- [Task details] All that is needed is the run of lines from the top of the entries to the line with "µs (two significant figures).", that line included, repeated exactly and free of pictures.

(Collected data)
━━━━━━━━━━
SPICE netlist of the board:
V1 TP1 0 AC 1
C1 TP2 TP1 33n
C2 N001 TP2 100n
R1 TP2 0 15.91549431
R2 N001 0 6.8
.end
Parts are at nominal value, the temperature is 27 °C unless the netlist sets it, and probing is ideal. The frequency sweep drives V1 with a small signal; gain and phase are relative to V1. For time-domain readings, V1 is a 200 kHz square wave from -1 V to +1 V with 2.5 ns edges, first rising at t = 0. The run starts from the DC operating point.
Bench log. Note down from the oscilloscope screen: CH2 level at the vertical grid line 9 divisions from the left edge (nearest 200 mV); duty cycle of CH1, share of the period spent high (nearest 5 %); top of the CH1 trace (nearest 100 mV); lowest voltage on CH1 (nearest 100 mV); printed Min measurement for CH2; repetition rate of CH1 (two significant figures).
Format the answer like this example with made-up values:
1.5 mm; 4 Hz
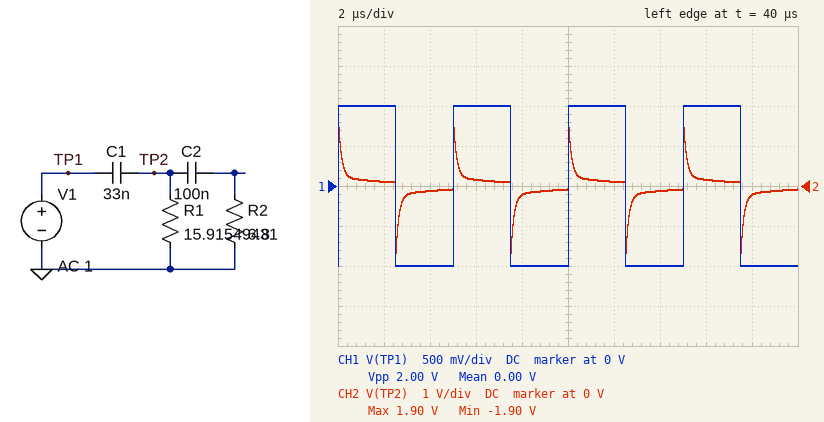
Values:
-200 mV; 50 %; 1.0 V; -1.0 V; -1.90 V; 200 kHz
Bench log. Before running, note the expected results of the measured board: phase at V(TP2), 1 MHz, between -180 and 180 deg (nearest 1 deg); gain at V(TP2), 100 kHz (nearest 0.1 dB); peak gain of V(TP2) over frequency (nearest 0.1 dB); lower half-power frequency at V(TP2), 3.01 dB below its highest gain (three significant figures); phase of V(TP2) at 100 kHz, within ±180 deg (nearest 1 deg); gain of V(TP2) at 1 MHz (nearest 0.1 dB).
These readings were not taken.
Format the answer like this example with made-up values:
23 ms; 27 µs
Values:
40 deg; -14.7 dB; 0 dB; 1.14 MHz; 49 deg; -3.6 dB
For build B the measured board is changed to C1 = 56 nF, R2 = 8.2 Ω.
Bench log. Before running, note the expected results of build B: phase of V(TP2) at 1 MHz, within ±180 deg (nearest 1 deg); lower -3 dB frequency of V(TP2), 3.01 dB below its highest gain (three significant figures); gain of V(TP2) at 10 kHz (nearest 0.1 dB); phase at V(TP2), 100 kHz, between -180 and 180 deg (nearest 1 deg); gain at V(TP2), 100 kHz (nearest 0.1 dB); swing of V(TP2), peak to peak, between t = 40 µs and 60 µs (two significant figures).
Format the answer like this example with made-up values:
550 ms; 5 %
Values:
26 deg; 613 kHz; -25.2 dB; 46 deg; -10.8 dB; 3.7 V
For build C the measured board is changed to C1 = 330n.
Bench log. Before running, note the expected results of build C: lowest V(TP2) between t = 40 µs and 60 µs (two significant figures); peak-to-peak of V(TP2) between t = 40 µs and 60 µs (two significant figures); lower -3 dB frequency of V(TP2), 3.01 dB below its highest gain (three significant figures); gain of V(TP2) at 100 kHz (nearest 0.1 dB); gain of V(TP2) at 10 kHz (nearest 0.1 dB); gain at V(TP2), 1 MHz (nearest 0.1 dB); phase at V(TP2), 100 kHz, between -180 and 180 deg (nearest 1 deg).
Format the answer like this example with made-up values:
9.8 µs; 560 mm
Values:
-1.4 V; 2.8 V; 58.4 kHz; -2.4 dB; -10.4 dB; -0.2 dB; 18 deg
━━━━━━━━━━
- [Written answer]
SPICE netlist of the board:
V1 TP1 0 AC 1
C1 TP2 TP1 33n
C2 N001 TP2 100n
R1 TP2 0 15.91549431
R2 N001 0 6.8
.end
Parts are at nominal value, the temperature is 27 °C unless the netlist sets it, and probing is ideal. The frequency sweep drives V1 with a small signal; gain and phase are relative to V1. For time-domain readings, V1 is a 200 kHz square wave from -1 V to +1 V with 2.5 ns edges, first rising at t = 0. The run starts from the DC operating point.
Bench log. Note down from the oscilloscope screen: CH2 level at the vertical grid line 9 divisions from the left edge (nearest 200 mV); duty cycle of CH1, share of the period spent high (nearest 5 %); top of the CH1 trace (nearest 100 mV); lowest voltage on CH1 (nearest 100 mV); printed Min measurement for CH2; repetition rate of CH1 (two significant figures).
Format the answer like this example with made-up values:
1.5 mm; 4 Hz
Values:
-200 mV; 50 %; 1.0 V; -1.0 V; -1.90 V; 200 kHz
Bench log. Before running, note the expected results of the measured board: phase at V(TP2), 1 MHz, between -180 and 180 deg (nearest 1 deg); gain at V(TP2), 100 kHz (nearest 0.1 dB); peak gain of V(TP2) over frequency (nearest 0.1 dB); lower half-power frequency at V(TP2), 3.01 dB below its highest gain (three significant figures); phase of V(TP2) at 100 kHz, within ±180 deg (nearest 1 deg); gain of V(TP2) at 1 MHz (nearest 0.1 dB).
These readings were not taken.
Format the answer like this example with made-up values:
23 ms; 27 µs
Values:
40 deg; -14.7 dB; 0 dB; 1.14 MHz; 49 deg; -3.6 dB
For build B the measured board is changed to C1 = 56 nF, R2 = 8.2 Ω.
Bench log. Before running, note the expected results of build B: phase of V(TP2) at 1 MHz, within ±180 deg (nearest 1 deg); lower -3 dB frequency of V(TP2), 3.01 dB below its highest gain (three significant figures); gain of V(TP2) at 10 kHz (nearest 0.1 dB); phase at V(TP2), 100 kHz, between -180 and 180 deg (nearest 1 deg); gain at V(TP2), 100 kHz (nearest 0.1 dB); swing of V(TP2), peak to peak, between t = 40 µs and 60 µs (two significant figures).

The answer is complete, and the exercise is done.